Celebrating how to level the business playing field on World Standards Day
International Standards provide technological, economic and societal benefits by helping to harmonise the product, system and service technical specifications that make industry more efficient. Barriers to international trade are reduced or removed. Not only that, but conformity to International Standards also helps reassure consumers that products are safe, efficient and good for the environment. Celebrating these benefits on 14th of October will be World Standards Day. James Hunt reports:
World Standards Day is not just this year. Each year on the 14th of October, the members of the IEC, ISO and ITU celebrate World Standards Day, a way of paying tribute to the collaborative efforts of the thousands of experts worldwide who develop the voluntary technical agreements that are published as international standards.
Though many complain about cost and bureaucracy, it is fact that International Standards, which enable the broad sharing of knowledge and the dissemination of technological advances in developed and developing countries alike, are strategic tools and guidelines designed to help companies tackle some of the most demanding challenges of modern business.
Moreover, they help businesses to ensure that their operations are as efficient as they can be, increasing productivity and helping companies to access new markets.
Technical barriers arise when different organisations, from anywhere in the world, come together, each with a large user base, all carrying out certain well-established operation that - between them - is mutually incompatible. Establishing International Standards is one way of overcoming this very significant problem.
Standardisation has long crucial for innovation and economic growth. However, the world economy is becoming truly global, so standards now have an even more important role. Those countries that have made International Standards integral to their policies and regulations are better able to protect their populations and provide them with a bigger choice of high quality products.
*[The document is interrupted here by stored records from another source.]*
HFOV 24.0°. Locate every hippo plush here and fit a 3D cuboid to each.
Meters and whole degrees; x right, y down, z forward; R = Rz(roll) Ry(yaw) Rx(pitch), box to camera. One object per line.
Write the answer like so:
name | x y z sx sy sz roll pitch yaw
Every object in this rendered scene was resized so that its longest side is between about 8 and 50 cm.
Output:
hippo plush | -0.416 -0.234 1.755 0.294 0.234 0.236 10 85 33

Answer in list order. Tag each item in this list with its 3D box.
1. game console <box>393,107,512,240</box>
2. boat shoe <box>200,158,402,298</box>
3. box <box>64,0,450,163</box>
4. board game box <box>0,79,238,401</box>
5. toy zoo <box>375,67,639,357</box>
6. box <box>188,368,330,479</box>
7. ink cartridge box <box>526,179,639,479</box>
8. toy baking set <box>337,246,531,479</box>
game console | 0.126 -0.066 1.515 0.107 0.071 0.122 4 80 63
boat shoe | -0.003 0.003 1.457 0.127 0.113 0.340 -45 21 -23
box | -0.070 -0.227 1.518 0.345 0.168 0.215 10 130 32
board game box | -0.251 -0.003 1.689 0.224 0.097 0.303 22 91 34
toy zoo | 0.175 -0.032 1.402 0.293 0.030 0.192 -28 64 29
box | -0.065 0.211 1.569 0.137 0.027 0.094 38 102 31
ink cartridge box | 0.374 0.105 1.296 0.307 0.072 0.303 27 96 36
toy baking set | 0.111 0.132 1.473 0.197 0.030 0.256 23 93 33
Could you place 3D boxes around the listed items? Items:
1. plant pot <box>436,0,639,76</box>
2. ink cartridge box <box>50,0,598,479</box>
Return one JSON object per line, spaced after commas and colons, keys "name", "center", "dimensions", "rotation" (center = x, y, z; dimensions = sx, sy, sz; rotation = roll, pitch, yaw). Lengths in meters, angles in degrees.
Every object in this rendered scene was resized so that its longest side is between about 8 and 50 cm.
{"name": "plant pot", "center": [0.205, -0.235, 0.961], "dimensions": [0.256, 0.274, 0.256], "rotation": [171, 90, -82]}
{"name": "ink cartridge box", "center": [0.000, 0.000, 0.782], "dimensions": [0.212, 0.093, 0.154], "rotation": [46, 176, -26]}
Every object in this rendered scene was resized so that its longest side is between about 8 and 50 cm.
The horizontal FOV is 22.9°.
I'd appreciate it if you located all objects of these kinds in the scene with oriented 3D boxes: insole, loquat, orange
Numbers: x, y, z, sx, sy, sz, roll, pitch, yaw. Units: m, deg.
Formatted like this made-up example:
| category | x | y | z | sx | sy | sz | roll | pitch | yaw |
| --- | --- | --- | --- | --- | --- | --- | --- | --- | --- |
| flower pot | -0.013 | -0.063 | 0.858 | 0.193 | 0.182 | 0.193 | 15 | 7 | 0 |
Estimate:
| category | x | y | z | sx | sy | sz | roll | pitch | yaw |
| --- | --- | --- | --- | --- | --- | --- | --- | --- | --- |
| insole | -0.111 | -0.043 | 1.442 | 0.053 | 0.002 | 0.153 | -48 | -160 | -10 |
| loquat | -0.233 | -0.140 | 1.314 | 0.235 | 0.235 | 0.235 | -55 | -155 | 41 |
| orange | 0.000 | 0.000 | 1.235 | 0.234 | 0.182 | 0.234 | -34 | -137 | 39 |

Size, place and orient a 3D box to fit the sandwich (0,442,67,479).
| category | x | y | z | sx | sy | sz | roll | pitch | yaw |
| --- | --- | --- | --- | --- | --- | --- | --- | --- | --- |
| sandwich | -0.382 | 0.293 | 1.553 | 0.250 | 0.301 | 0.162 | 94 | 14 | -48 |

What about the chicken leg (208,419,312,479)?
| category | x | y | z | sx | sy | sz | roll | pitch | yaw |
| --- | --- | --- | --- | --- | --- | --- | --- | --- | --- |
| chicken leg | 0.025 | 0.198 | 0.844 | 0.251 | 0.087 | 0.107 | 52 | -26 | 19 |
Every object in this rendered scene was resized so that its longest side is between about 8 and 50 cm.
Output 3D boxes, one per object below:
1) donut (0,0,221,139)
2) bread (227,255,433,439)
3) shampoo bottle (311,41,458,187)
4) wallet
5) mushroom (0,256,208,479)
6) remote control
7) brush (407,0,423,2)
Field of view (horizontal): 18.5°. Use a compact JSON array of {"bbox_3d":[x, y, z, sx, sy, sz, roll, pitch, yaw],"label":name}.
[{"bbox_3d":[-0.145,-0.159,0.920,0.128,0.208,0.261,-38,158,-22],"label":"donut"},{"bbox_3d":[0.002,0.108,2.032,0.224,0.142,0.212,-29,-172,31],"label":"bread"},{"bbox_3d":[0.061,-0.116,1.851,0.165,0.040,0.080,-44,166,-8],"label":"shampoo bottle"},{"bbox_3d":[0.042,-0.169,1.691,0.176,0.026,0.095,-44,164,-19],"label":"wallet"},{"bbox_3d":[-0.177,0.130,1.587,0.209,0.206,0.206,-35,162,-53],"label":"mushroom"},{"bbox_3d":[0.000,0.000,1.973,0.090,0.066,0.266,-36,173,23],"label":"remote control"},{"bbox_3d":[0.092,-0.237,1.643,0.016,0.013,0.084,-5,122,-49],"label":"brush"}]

As the International Electrotechnical Commission (IEC) says: “This becomes ever more important, as today we live in a world that is undergoing profound transformations at every level. Economies have never been more interdependent, and products that are consumed in one market are no longer made in one country; they are ‘made in the world’. In addition, even before they get to the end-consumer, they transit through many countries where manpower or parts add value to the final product.”
This is the most important reason for the existence of International Standards, but having effective standards are crucial even in National environments. Think, for example, how the UK electrical installation sector would fare without the IET Wiring Regulations (BS 7671); without this standard it would be a disaster, and dangerous to boot. There are many other examples of this.
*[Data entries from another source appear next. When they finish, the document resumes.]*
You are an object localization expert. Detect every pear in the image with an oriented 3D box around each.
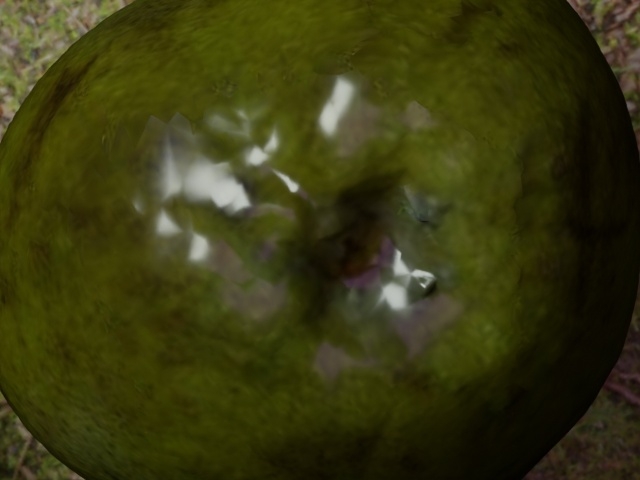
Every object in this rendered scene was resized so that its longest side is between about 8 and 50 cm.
[{"bbox_3d":[0.000,0.000,0.781,0.352,0.413,0.351,0,91,-5],"label":"pear"}]
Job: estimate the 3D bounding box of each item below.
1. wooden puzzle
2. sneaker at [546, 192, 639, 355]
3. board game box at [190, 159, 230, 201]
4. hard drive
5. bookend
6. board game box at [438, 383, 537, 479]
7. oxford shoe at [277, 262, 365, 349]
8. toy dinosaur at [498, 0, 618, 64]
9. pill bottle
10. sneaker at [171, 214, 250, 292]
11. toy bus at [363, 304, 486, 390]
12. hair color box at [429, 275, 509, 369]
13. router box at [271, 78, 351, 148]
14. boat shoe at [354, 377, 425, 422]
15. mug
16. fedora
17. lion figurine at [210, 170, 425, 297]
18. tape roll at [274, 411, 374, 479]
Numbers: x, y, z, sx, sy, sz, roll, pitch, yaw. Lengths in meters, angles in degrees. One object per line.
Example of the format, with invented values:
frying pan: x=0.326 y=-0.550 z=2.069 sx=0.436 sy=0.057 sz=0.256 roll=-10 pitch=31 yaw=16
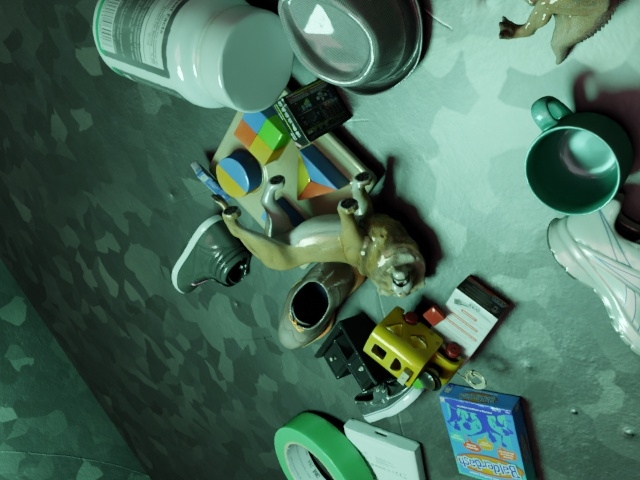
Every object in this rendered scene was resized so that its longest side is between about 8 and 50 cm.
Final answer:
wooden puzzle: x=-0.086 y=-0.127 z=1.274 sx=0.322 sy=0.080 sz=0.348 roll=46 pitch=138 yaw=8
sneaker: x=0.465 y=0.062 z=0.896 sx=0.297 sy=0.111 sz=0.129 roll=48 pitch=132 yaw=4
board game box: x=-0.247 y=-0.133 z=1.400 sx=0.090 sy=0.020 sz=0.090 roll=46 pitch=180 yaw=-32
hard drive: x=0.174 y=0.602 z=1.558 sx=0.203 sy=0.040 sz=0.307 roll=9 pitch=122 yaw=38
bookend: x=0.077 y=0.269 z=1.365 sx=0.156 sy=0.072 sz=0.157 roll=58 pitch=142 yaw=24
board game box: x=0.341 y=0.402 z=1.271 sx=0.160 sy=0.047 sz=0.210 roll=0 pitch=118 yaw=41
oxford shoe: x=-0.035 y=0.151 z=1.373 sx=0.130 sy=0.133 sz=0.363 roll=42 pitch=137 yaw=11
toy dinosaur: x=0.321 y=-0.342 z=0.746 sx=0.200 sy=0.127 sz=0.295 roll=6 pitch=126 yaw=31
pill bottle: x=-0.234 y=-0.358 z=1.135 sx=0.361 sy=0.204 sz=0.204 roll=27 pitch=132 yaw=34
sneaker: x=-0.275 y=0.082 z=1.560 sx=0.147 sy=0.104 sz=0.295 roll=48 pitch=134 yaw=13
toy bus: x=0.179 y=0.226 z=1.179 sx=0.202 sy=0.104 sz=0.191 roll=-6 pitch=114 yaw=47
hair color box: x=0.269 y=0.156 z=1.167 sx=0.093 sy=0.053 sz=0.167 roll=38 pitch=138 yaw=17
router box: x=-0.015 y=-0.229 z=1.111 sx=0.038 sy=0.122 sz=0.092 roll=-22 pitch=101 yaw=53
boat shoe: x=0.147 y=0.340 z=1.388 sx=0.076 sy=0.080 sz=0.228 roll=48 pitch=145 yaw=3
mug: x=0.363 y=-0.124 z=0.864 sx=0.129 sy=0.097 sz=0.157 roll=14 pitch=125 yaw=35
fedora: x=0.027 y=-0.347 z=0.995 sx=0.275 sy=0.124 sz=0.244 roll=48 pitch=137 yaw=6
lion figurine: x=0.000 y=0.000 z=1.174 sx=0.392 sy=0.142 sz=0.240 roll=4 pitch=137 yaw=20
tape roll: x=0.010 y=0.612 z=1.648 sx=0.321 sy=0.077 sz=0.321 roll=32 pitch=137 yaw=36
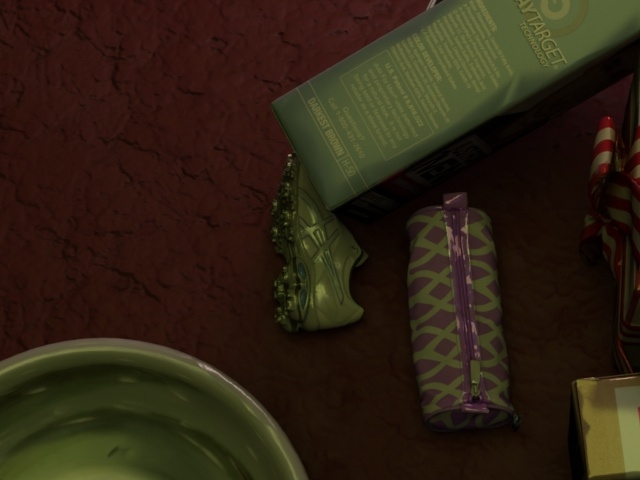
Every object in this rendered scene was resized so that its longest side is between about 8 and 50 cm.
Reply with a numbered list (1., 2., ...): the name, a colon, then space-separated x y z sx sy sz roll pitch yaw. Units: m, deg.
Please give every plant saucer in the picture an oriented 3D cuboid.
1. plant saucer: -0.191 0.286 1.584 0.400 0.100 0.400 -2 70 5

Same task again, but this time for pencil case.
1. pencil case: 0.120 0.069 1.633 0.086 0.088 0.206 -7 69 2

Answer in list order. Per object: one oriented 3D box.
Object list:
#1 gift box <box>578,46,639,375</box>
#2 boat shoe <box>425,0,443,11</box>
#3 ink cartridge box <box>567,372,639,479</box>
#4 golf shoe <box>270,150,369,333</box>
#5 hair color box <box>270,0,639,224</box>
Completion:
1. gift box: 0.349 -0.007 1.547 0.258 0.255 0.276 4 66 6
2. boat shoe: 0.208 -0.277 1.738 0.306 0.105 0.113 -40 71 -8
3. ink cartridge box: 0.324 0.167 1.518 0.235 0.193 0.088 -6 69 5
4. golf shoe: 0.000 0.000 1.696 0.086 0.069 0.176 2 72 -14
5. hair color box: 0.159 -0.156 1.610 0.374 0.185 0.113 -30 82 9

World Standards Day 2014 will celebrate the ways in which standards level the playing field for all market participants.
A competition
Each World Standards Day runs a competition that is open to everyone. This, the annual World Standards Day poster competition, is organised by the World Standards Cooporation (WSC -
www.worldstandardscooperation.org , which comprises the International Electrotechnical Commission (IEC -
www.iec.ch, the International Organisation for Standardisation (ISO -
www.iso.org) and the International Telecommunication Union (ITU -
www.itu.int).This year's competition winner was Damar Panji Wijaya, a 20 year-old communications student from Indonesia.
Note that the IEC family comprises 166 countries, 98% of the world population and 96% of world energy generation. Many members celebrate World Standards Day with national activities.